'Follow rules, organise events'

30 December,2010 06:53 AM IST |   |  Rinkita Gurav

Government officials deny cultural programmes in the city are fading away; say security threats led to cancellation of events in the past two years

Government officials deny cultural programmes in the city are fading away; say security threats led to cancellation of events in the past two years

In the last part of the Vanishing Culture series,MiD DAY meets government officials to know about measures undertaken by them to save cultural events in the city.

It was surprising that when MiD DAY contacted officials from various government departments to know why cultural events in the city were fading out, they kept passing the buck to each other.
We spoke to a few officials who are responsible for various permissions for cultural events in the city:

Mohan Adhtani
Additional Municipal Commissioner

The BMC has decided the locations of Silence Zones in the city as per the international guidelines. If there has to be any relaxation in the law, it has to come from the government as the government itself has brought in the policy. The BMC gives permission for various functions in the city but if the guidelines are not fulfilled then the permissions are denied.

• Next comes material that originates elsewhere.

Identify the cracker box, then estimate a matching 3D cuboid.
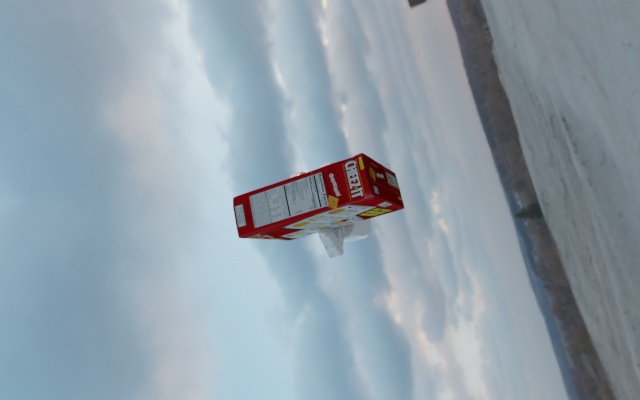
[{"bbox_3d":[0.000,0.003,0.729,0.214,0.072,0.164,-18,-13,21],"label":"cracker box"}]

The 10 pm deadline and silence zones are surely affecting the city but it*s happening across all the cities. So many functions are now adapting to the norms and laws.
The laws are formulated to protect the rights of every citizen.
Vijay Singh Jadhav
Deputy Commissioner of Police (Head Quarters1)

The silence zones are mapped by the BMC and we are just following the law by stopping any kind of noise disturbances in the zones. The events can take place in open spaces but have to end before the 10 pm deadline. If they do not, the police follow the guidelines and book them under violation of law.

We have not received any application to carry out lavanis or tamashas at Rang Bhavan. If there are any in the future, we would not deny them.

As far as security is concerned, any festival in the city that attracts large amount of crowd should have its own security as well. The police do provide security to a limited extent, but by and large, it*s taken care off by the organisers of the event.

Brijesh Singh
Additional Commissioner of Police

The festivals and cultural programmes are for enjoyment and interaction, but they also cause huge congestion causing a lot of inconvenience to the residents of that area. Organisers should have a traffic management plan to combat the traffic issues. They should also have a plan for parking.
We do not block any roads and try to manage as much as we can so that the motorists do not have to face any inconvenience.

Uday Tatkare
Chief Fire Executive

The materials used at the venue are to be checked to avoid any problems at the event.
At present, the number of cultural concerts has gone down because establishing a show is expensive now as the cost of materials and other things has gone up.
Avinash Dhakne, Joint Managing Director, MTDC
I do not agree that the festivals are fading away. Only in the last two years, the security threats did not permit us to hold a few festivals and so they were cancelled at the last moment. We are trying all possible ways to save the culture and the cultural events. For every event we get over 200 applications from renowned artistes for participation. So nobody can say that people are not interested or do not want to participate.

BMC Commissioner Swadhin Kshatriya was unavailable for comment despite several attempts.

Ek Cutting!
Rang Bhavan

A haven for rock lovers, Rang Bhavan is an open-air theater that used to be a sought after destination for those who follow music. It is located in Fort and hosted live performances and rock concerts on a regular basis. Landmark music festivals such as Independence Rock, Jazz Yatra and numerous tamashas and lawanis used to be performed at Rang Bhavan till it was placed under a silence zone in 2003.

Lovers speak

Prahlad Kakkar, Socialite
The film industry is in Mumbai and there are so many people who earn a living out of these cultural shows. The laws are totally baseless and will drive these performers out of the city.
The government is anti-cultural and is coming up with innumerable norms to drive out all the festivals from the city. The government feels such programmes bring in anti-elements and disrupt the environment but by bringing up such rules, the government is ending the cultural atmosphere.

Sujeet Rammana, member of Bombay Rock Association
Rang Bhavan was a Mecca for rockers and all the rock-fans used to attend the concerts there. Many musicians and rock bands had established themselves there and such festivals can hardly be seen anywhere now. The city is losing its musical touch, as there is little exposure to live music for the younger generation because of such bans by the government.

Ruchita Tahiliani, an ex-student of KC College, who has attended the Kala Ghoda Festival a lot of times, said, "As students it was a place for showcasing talent and u00a0meeting new people and it*s really upsetting that the festival is not going to take place now."